If your capacity planning is at level three, here's what you should look for. You should see these things, and that's how you know you're at level three. Or here's how you know you're at level two. It's something like 40 pages of look-fors.

Don't try to implement every single damn look-for. That would be crazy. But use this as a guide, as inspiration.

So do this in your enterprise. Try to do it grassroots. Management should set high standards, but the engineers should be figuring out how to get there. Let teams create their own rubric, maybe even their own... Well, I think you should create your own grading system, but be flexible.

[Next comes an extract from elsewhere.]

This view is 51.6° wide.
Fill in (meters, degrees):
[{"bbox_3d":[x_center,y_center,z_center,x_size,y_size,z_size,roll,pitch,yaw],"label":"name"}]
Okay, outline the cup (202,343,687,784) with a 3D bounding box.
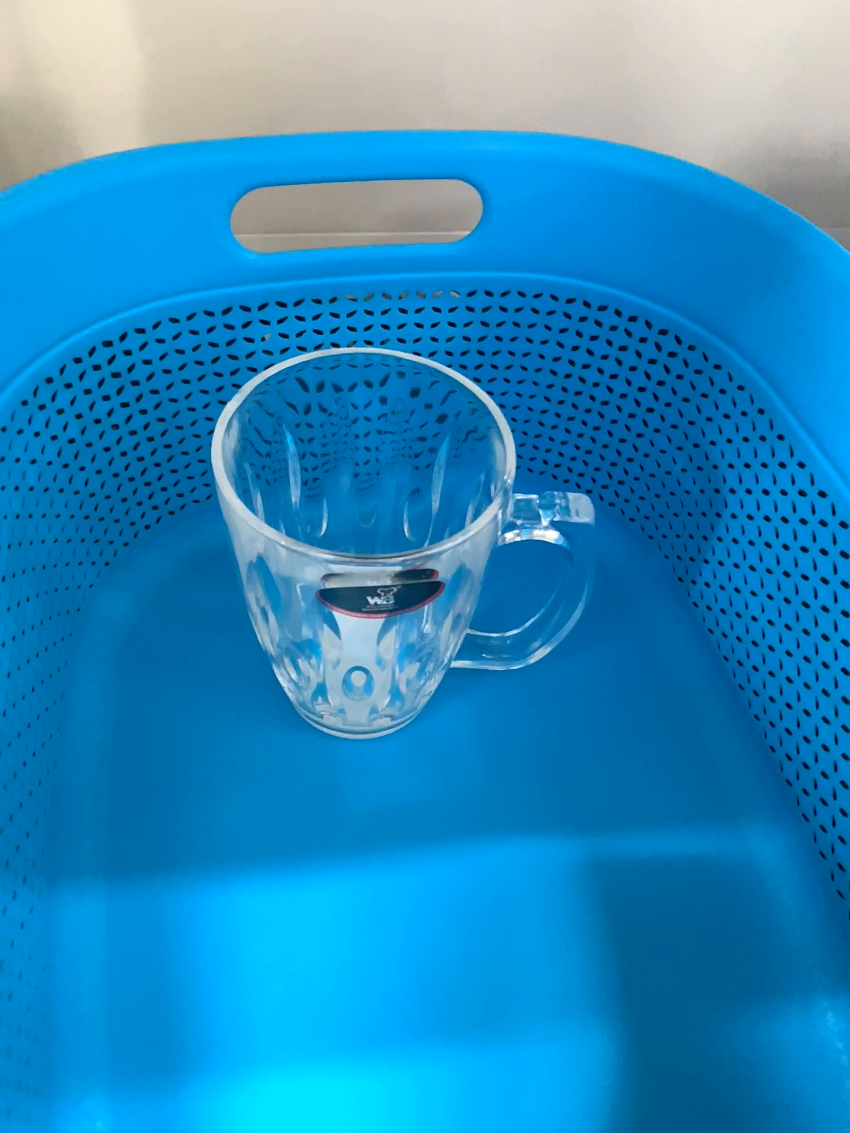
[{"bbox_3d":[0.000,0.003,0.265,0.110,0.109,0.081,-1,52,-5],"label":"cup"}]

Start with one team, and then prove that success there, and then grow. Don't do a big corporate edict that all teams must do this assessment. At Google, this was only done by some of the highest performing teams to kind of kick the tires and get it working, and then over time, all other teams started doing it.

Oh, there we go. Yeah, let the rubric grow over time. And people are going to need resources to do this. That means postponing some projects or adding people, but now you're going to have the data that's going to help you better focus those resources.

And lastly, oh, no. Yeah, use a spreadsheet. Don't write code for this.

And it's so important that you do this in a blameless way. You want to encourage blamelessness, transparency.

When I gave this talk as a dress rehearsal at the New York City DevOps meetup... By the way, anyone here from New York?

Okay, come to my meetup.

Someone said, "Tom, if you're giving this talk at an enterprise conference, no one here, but other enterprises have kind of a toxic culture, and this is just setting people up with a big target on their back. This is going to be weaponized against them. You should have some advice in that situation."

Well, if you're really in that kind of culture, I have three bits of advice.

One is maybe transparency isn't for you. Maybe you need to do this on one team and not be externally transparent until you've proved it out. One of the biggest motivators is people like to copy success, and so if you can be successful in one team, let other people copy it.

The second bit of advice I have is have all of your management read this book, Beyond Blame. Fantastic book. It's like The Phoenix Project in that it's a fictional story that you read instead of a textbook. It's very readable. It's a fast read, like 100 pages. All about why it's so important from an executive level to have a blameless culture.

And the third thing you can do is try to change your culture, try to change your culture, try to change your culture, and if those things fail, send out your resume.

I'm very serious about that. For decades, actually about 20 years ago, I wrote an article. It was called "Just Quit," and it was saying, try your best, but sometimes the best thing to do is send out your resume.

So that's my talk. We do have five minutes for questions, and thank you all for being here.